One of the assailants died in a gunbattle with police who were standing guard at the door of the building. The other blew himself up and the third sustained a serious head injury, apparently in a fall, city police chief Tariq Jamil told AFP.

Two worshippers and a policeman also died in the attack, while 21 people were hospitalised, four of them in a critical condition.

Hospital officials said the surviving attacker had regained consciousness. "He identified himself as Jamil," senior police investigator Manzoor Mughal told AFP.

Mughal said the man said he was affiliated to the Sunni militant group Jaish-e-Mohammad, banned by President Pervez Musharraf in 2001. But he said "normally these militants hide the actual facts and it takes time to verify their identity."

Police were guarding the room of the suspect but doctors would not allow them to interrogate him.

"The proper investigation would start when he is fully recovered," Mughal said.

The man may help police uncover possible links to a suicide bombing on Friday which killed 19 people, most of them Shiites, at a Muslim shrine in the capital Islamabad.

Security forces were placed on high alert following the Islamabad blast, but police were unable to stop the Shiite mob in Karachi, which also torched two gas stations and a number of vehicles in addition to the KFC outlet.

Police and firemen said they found two bodies lying on the ground when they opened the door of the gutted restaurant after family members informed the KFC management that the employees did not return home late into the night.
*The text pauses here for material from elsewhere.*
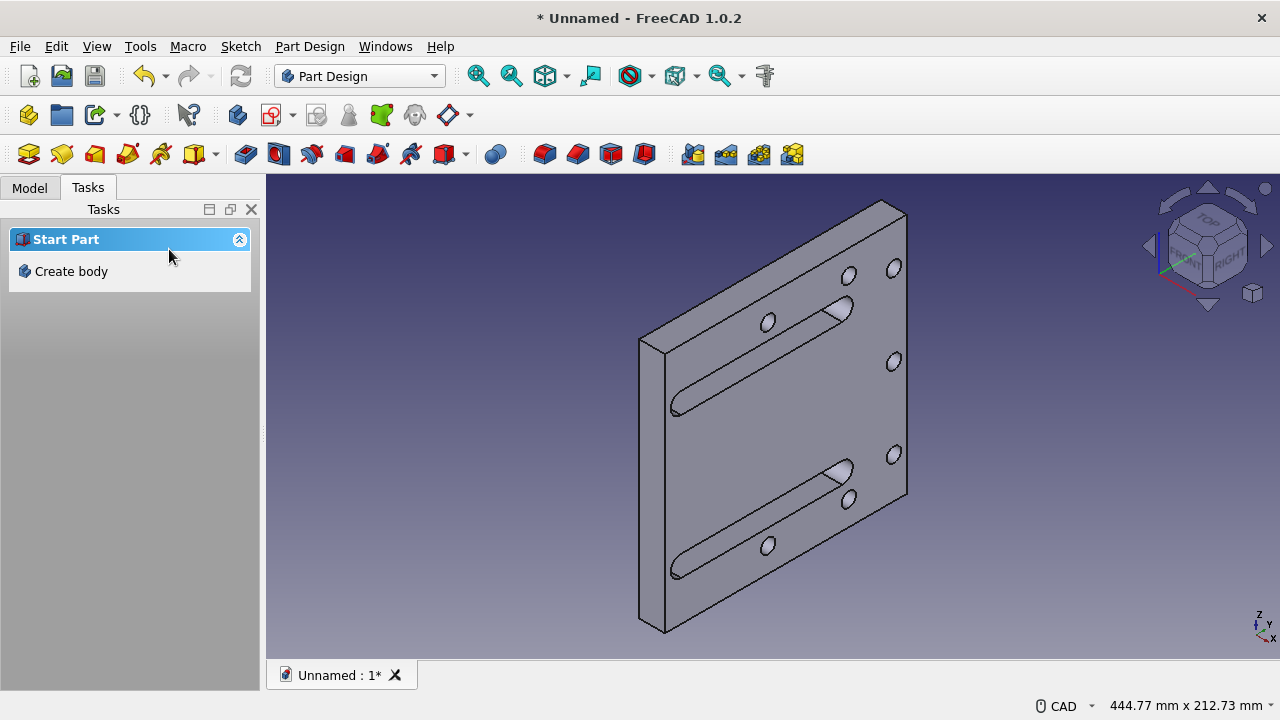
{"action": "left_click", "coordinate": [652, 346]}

During the search police found two more bodies from the first floor while the bodies of two other employees were found frozen in the KFC cold storage, Jamil, the city police chief, told AFP.

Five of the victims were aged between 25 and 30 years while the sixth was a guard aged about 50, Jamil said.
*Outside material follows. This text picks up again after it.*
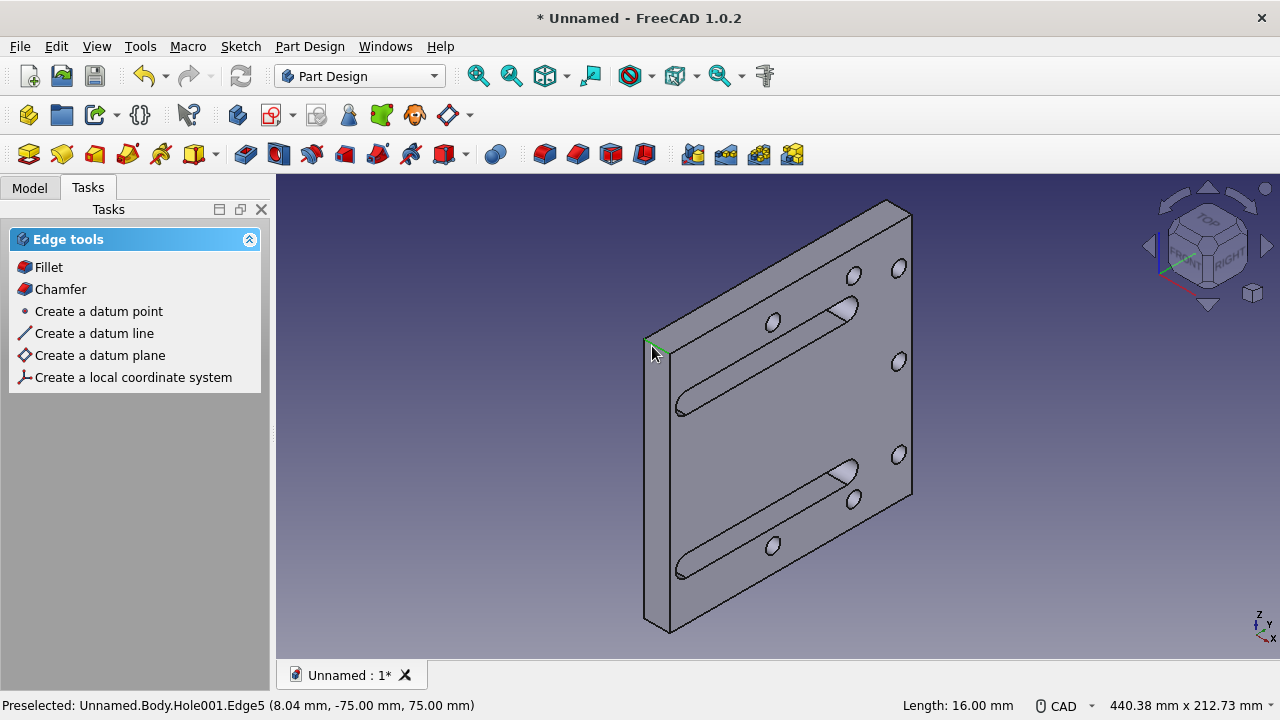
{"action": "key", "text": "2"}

Thousands of Shiite and majority Sunni Muslims have been killed in Pakistan in recent years, with attacks including bomb blasts, suicide bombings and targeted killings. Last year 160 people were killed.

Sectarian extremist groups are opposed to Musharraf for leading a crackdown on Islamic militancy and their associates from the Al-Qaeda terror network of Osama bin Laden.

Security has been tightened in Karachi as funeral prayers of the blast victims were scheduled in the same mosque while separate burials of the arson victims were also expected later in the day.

Tension was already high in volatile Karachi after the abduction and murder of a local leader of the main fundamentalist Jamaat-i-Islami party in the city on Monday.